The individual’s value to the capital flow process is a concept that Mr. Sanders and other progressives never mention in part because they don’t understand how the American economic system works; in part because telling an electorate with a “do more for me” mentality that it should take on the responsibility of enhancing their value would be political suicide.

If Mr. Sanders is sincere about a revolution, he should first get rid of the “democratic socialist” moniker; join us anarcho-capitalists; abandon the “war on bankers” rhetoric (those guys have been around since Jesus. They aren’t going anywhere); and instill a little of that Brooklyn toughness and gruffness into a narrative that says that each individual should focus on identifying and providing the best value to our economic jungle.

About Alton Drew

Alton Drew brings a straight forward and insightful brand of political market intelligence.
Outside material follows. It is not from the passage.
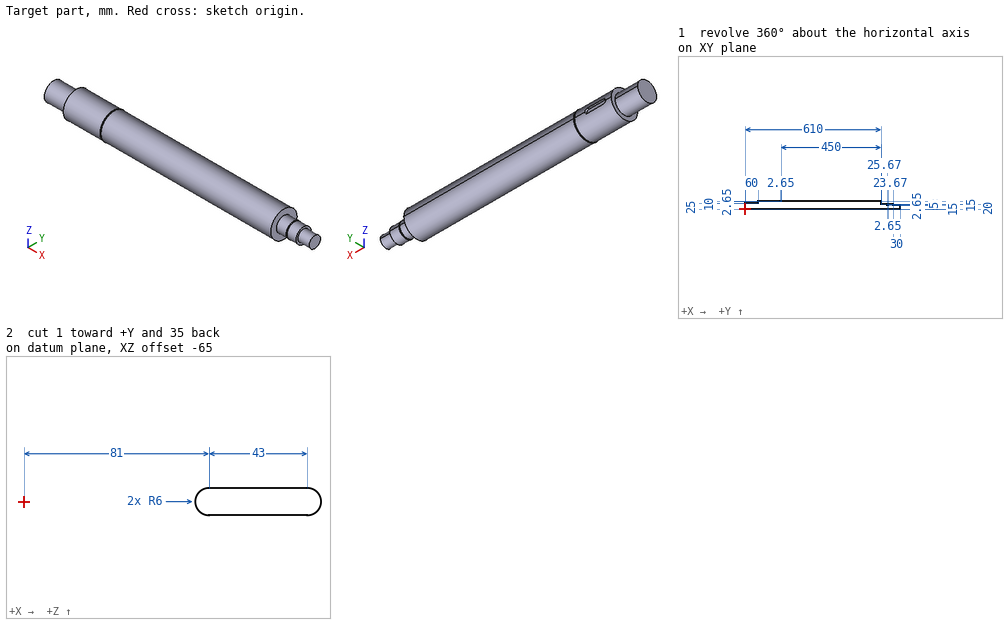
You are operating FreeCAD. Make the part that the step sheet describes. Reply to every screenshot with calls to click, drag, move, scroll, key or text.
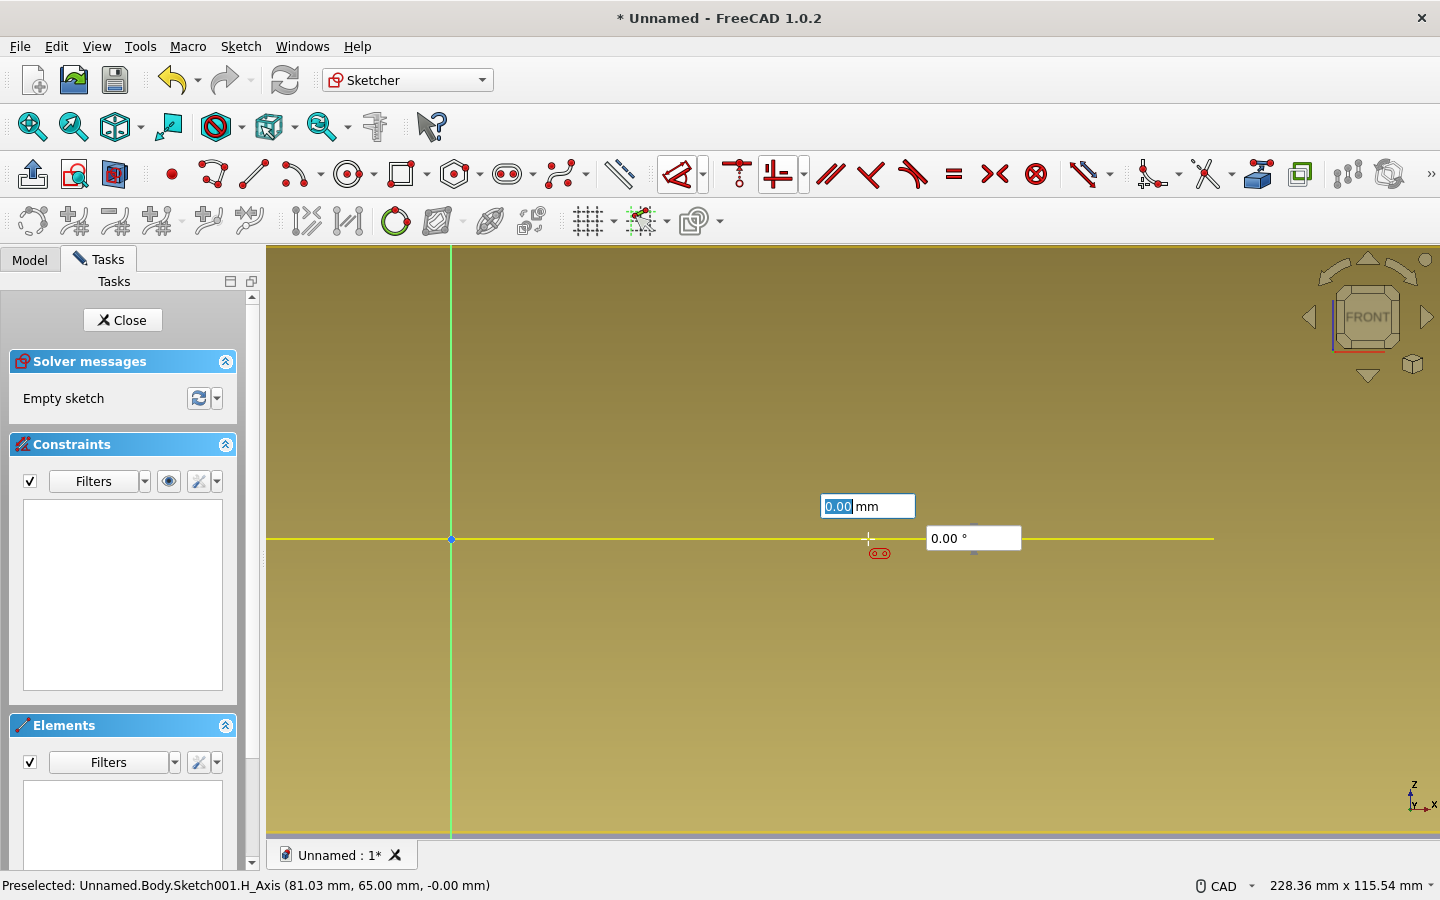
click(1089, 530)

Alton Drew graduated from the Florida State University with a Bachelor of Science in economics and political science (1984); a Master of Public Administration (1993); and a Juris Doctor (1999). You can also follow Alton Drew on Twitter @altondrew.
This entry was posted in Bernie Sanders, capital, economics, Economy, Election2016, free markets, government, liberty, Political Economy and tagged , , , . Bookmark the permalink.

One Response to A war on #capital is not what we need

  1. kenski2013 says:

    I agree that each person needs to make the best use of his/her abilities to contribute to the creation of good and services in order to earn a living, and maybe eventually accumulate some capital.

    As Alton Drew points out, many people have no capital. Why is this? Some don’t make enough money to accumulate any capital, some spend all they make, some don’t know how to accumulate capital and/or why it’s important to do so.

    But there is another reason why capital is not easy to come by—many of those who work hard at accumulating capital are highly competitive, and many will do anything to “walk off with all the capital”, even engage in monopolistic acts. This “economic Darwinism” (to the capitalists go the spoils, and the devil takes the hindmost) runs rampant through our society and the entire world of business.

    Now, if the capital is obtained honestly, and reasonably fairly, then it is hard to argue against a competitive capitalist system. It’s my experience, and I think there is plenty of independent evidence that shows that capitalists often lie, cheat, deceive and exploit. The “bad” mortgages that were turned into marketable securities in the run up to the Great Recession are a sad example of this. Home mortgages were given to many families who didn’t have the income to make the monthly payments by falsifying the documents to get the mortgages approved. This pretty much guaranteed that these people would default on these mortgages, lose their homes, and, in addition, this led to the mortgage backed securities containing these mortgages created by fraudulent means (which had been vetted as relatively safe and good quality by rating agencies) being called into question when the high default rates on the mortgages that made them up made payments to investors fall far short of the original expectation. This almost led to a collapse of the world wide banking system, since these mortgage-backed securities had been sold to banks around the world. The uncertainty of their value made them difficult to buy and sell, thus freezing the markets through which they were traded.

    Why did all of this occur? Because the companies making the mortgages were only interested in the commissions and fees they received for doing so, and since they would not be responsible in the long term for the mortgages or the subsequent securities, had no reason or incentive not to make them, even for people who didn’t meet the normal lending standards. Now, you would think that ethical standards of honesty and fairness would have been enough to stop people from doing this, but apparently, that was not the case.

    I think Bernie Sanders’ heartburn with capitalists has a lot to do with situations like this one, where capitalists lie, cheat, deceive, and exploit, walk off with lots of money, to the detriment of other members (both people, other businesses, and institutions) of society.